Pakistan Aeronautical Complex
- Trade name: PAC
- Type: SEO
- Industry: Aerospace; Defence;
- Founded: 1971; 55 years ago
- Founder: Pakistan Air Force
- Headquarters: Kamra, Attock District in Punjab, Pakistan
- Area served: Worldwide
- Key people: AVM Hakim Raza (Chairman) AVM Owais Akram (Deputy Chairman)
- Products: Military aviation and electronics
- Production output: 1980–present (1980)
- Services: Aircraft maintenance Aircraft mid-life updates Aircraft design and R&D Military avionics
- Owner: Ministry of Defence Production
- Divisions: Divisions Aircraft Rebuild Factory Mirage Rebuild Factory Aircraft Manufacturing Factory Avionics Production Factory ;
- Website: www.pac.org.pk

= Pakistan Aeronautical Complex =

Pakistani aircraft maintenance & manufacturing company

The Pakistan Aeronautical Complex (PAC) is a major defense contractor and an aerospace manufacturer headquartered in Kamra, Punjab, Pakistan.

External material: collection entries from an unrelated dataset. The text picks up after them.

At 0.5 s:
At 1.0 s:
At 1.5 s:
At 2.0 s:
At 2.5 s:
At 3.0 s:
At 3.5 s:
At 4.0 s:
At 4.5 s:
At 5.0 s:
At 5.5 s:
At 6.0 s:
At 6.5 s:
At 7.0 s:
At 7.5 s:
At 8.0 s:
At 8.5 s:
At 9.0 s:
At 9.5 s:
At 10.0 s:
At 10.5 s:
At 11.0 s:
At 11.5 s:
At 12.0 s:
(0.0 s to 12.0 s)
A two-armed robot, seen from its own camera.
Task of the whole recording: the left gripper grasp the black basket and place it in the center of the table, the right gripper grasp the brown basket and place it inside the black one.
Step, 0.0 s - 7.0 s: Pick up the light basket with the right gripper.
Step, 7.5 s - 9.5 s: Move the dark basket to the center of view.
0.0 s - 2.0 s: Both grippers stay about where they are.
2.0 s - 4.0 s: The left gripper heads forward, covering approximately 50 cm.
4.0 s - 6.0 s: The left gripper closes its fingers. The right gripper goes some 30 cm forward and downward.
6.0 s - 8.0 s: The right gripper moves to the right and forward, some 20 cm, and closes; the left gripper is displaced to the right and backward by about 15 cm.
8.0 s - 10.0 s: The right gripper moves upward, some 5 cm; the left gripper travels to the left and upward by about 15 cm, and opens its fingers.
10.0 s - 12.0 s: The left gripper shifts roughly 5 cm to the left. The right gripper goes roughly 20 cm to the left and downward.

The Pakistan Aeronautical Complex is one of the largest defense contractors in aerospace and military aviation support.

Founded in 1971 by the Pakistan Air Force (PAF), the PAC designs, develops, and builds aircraft and avionics systems for the Pakistani military— it also provides its services for civilian aircraft. In addition, the PAC performs local maintenance and works on the aircraft MLU systems of foreign-built military and civilian aircraft. The PAC is owned entirely and sponsored by Ministry of Defence Production whose corporate appointment comes directly from the Air HQ of the Pakistan Air Force.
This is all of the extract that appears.